Waste and Opportunity 2015: As You Sow

As You Sow, a sizable organization that works “to promote environmental and social corporate responsibility…” recently ran a report on the packaging industry’s overall performance in regards to sustainability and packaging. Their Waste and Opportunity 2015 analyzed the practices of several large companies and found that to varying degrees, they all “…are wasting valuable materials through poor packaging sustainability policies – to the tune of $11.4 billion a year.” Many of these companies do not take responsibility for their actions, either, as they are not only wasting valuable materials, but are also greatly contributing to pollution.

As You Sow’s report analyzed 47 major companies based on four core practices of sustainability, ranking them on their overall performance:

  1. Source Reduction: using less materials and switching to those which are reusable if the option is available.
  2. Recycled Content: using recycled content when creating new products, which they point out “…helps create a market for recycled materials and requires far fewer resources.
  3. Recyclability and Materials Use: avoidance of materials that cannot be recycled easily.
  4. Boosting Materials Recycling: when possible, make it easier for consumers to recycle products after use (this more so applies to brands which have established storefronts, where they can have designated recycling bins).

According to the Environmental Protection Agency’s Municipal Solid Waste Generation, Recycling, and Disposal in the United States from 2012, some types of packaging materials are better than others. Recovery rates for plastics are extremely low–only 13.8% of these materials are recycled. Glass and aluminum are also moderately poor, at 34.1% and 38%, respectively. Paper and paperboard products ranked the highest, at 76.1%, though they note that these rates are skewed “…primarily due to high recycling rates for corrugated cardboard; only 25 percent of all other types of paper packaging is recycled.” Steel packaging does moderately well: 72.2% of these materials are able to be recovered.

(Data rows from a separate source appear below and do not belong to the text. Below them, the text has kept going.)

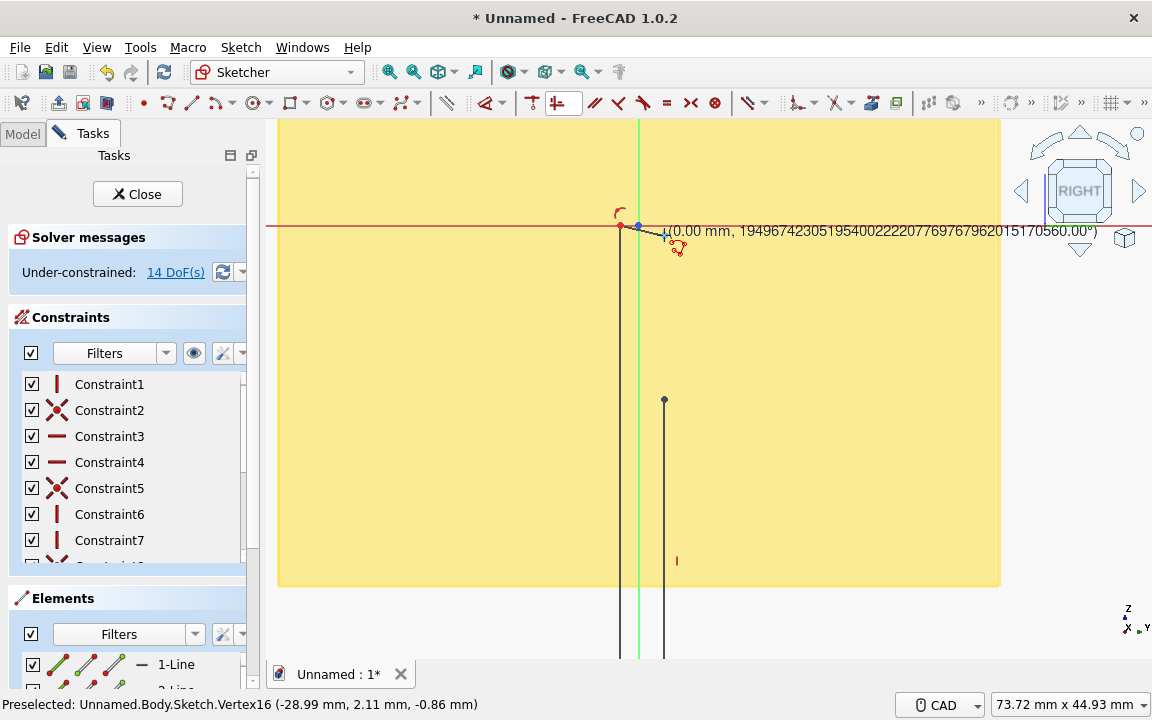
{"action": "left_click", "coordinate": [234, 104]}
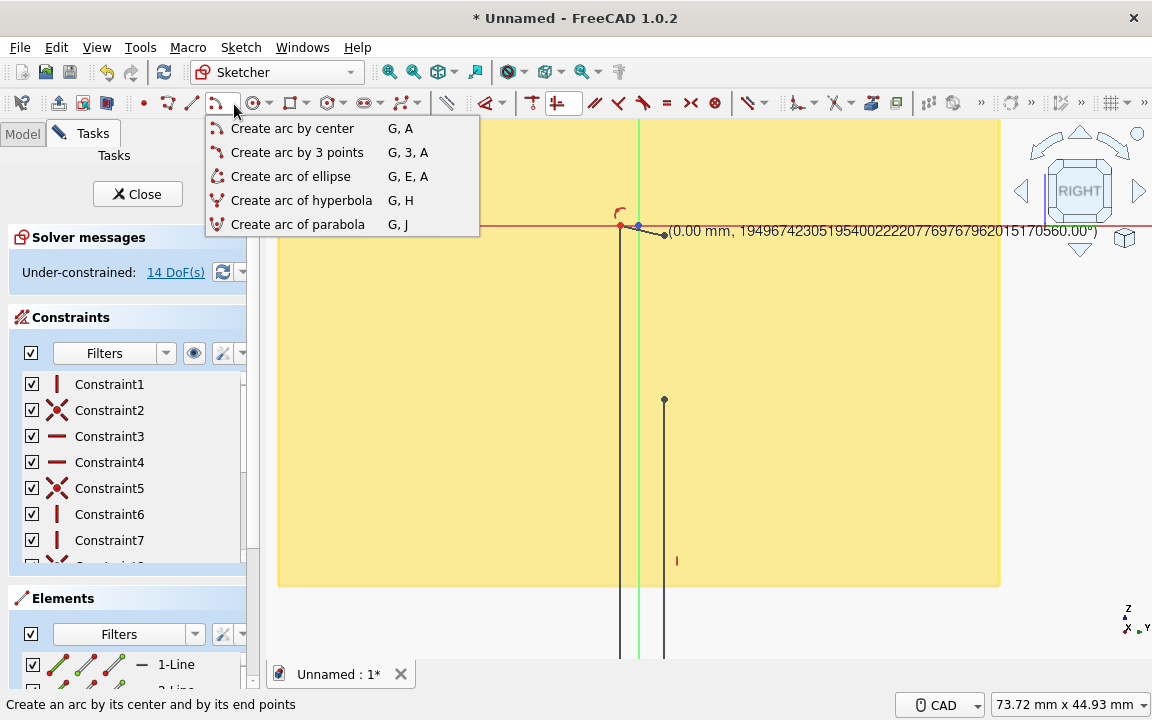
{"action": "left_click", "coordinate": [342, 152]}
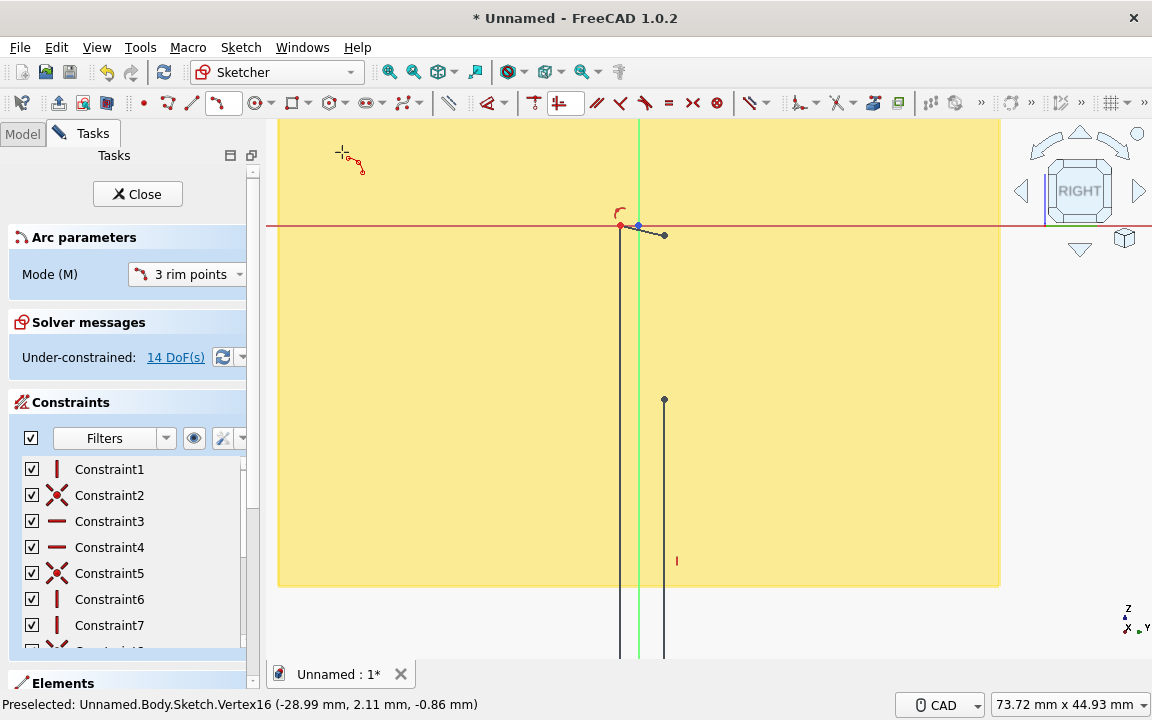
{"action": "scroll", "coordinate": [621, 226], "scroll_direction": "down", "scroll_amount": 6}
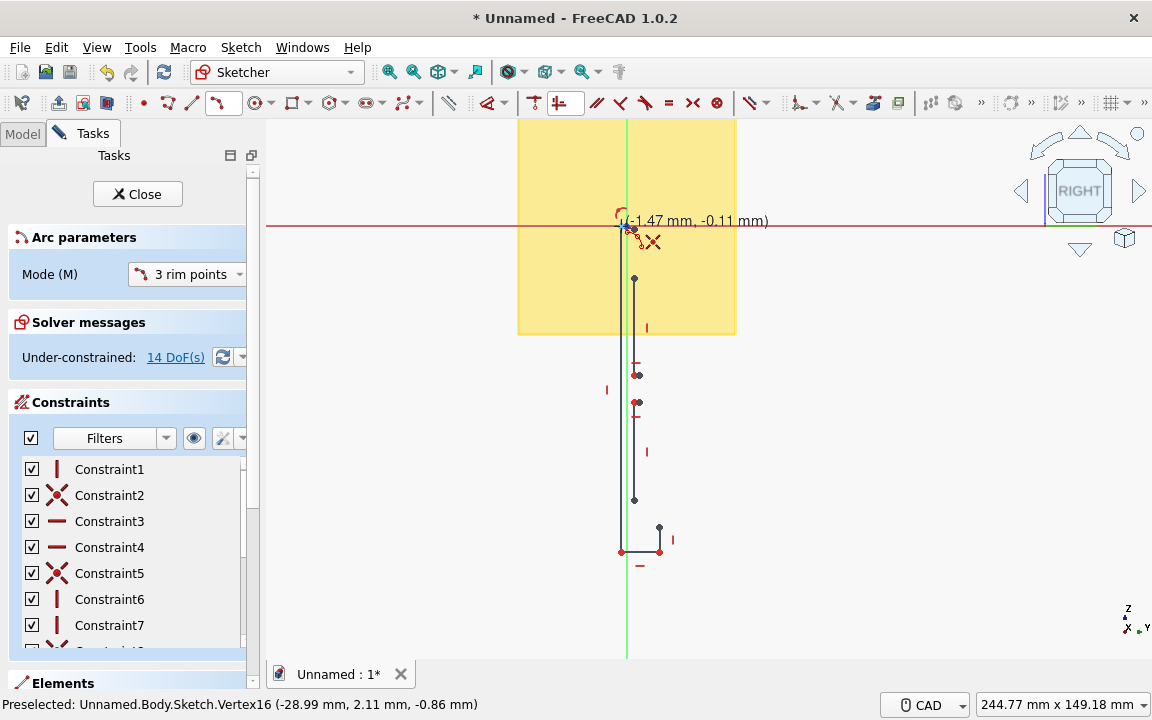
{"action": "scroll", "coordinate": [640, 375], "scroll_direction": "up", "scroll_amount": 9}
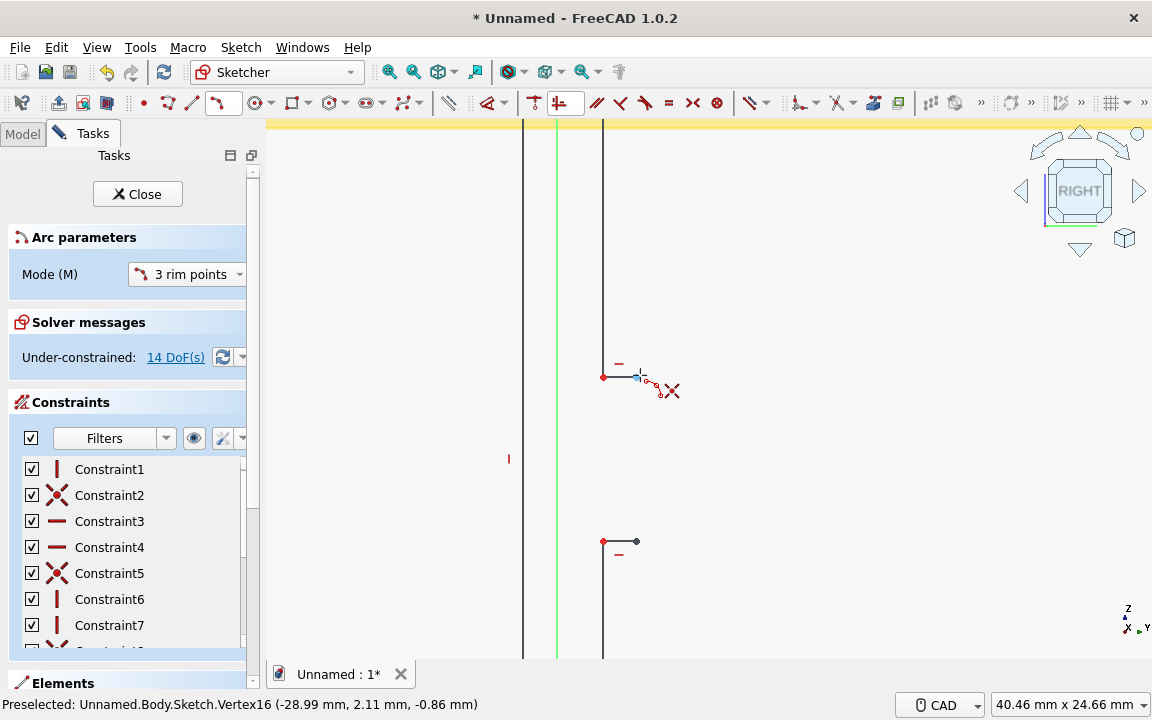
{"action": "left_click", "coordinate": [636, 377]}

As You Sow highlights how their core practices of sustainability can be put into use in both the fast food restaurant and consumer packaged goods markets, and gives examples for each:

For fast food restaurants, reusable cups and dining-ware should be available (like at Panera and Starbucks). Use of recycled content should be maximized (Starbucks and McDonald’s), and companies should entirely avoid materials that are difficult to recycle (like the foam cups from Chick-fil-A).

As for consumer packaged goods, more reusable and bulk options should be made available, and goals should be set to increase the use of recycled content (PepsiCo is off to a good start, while Coca-Cola is lagging behind). Companies should also be designing packaging that is easy to recycle: Capri Sun is a very common bad example in this department.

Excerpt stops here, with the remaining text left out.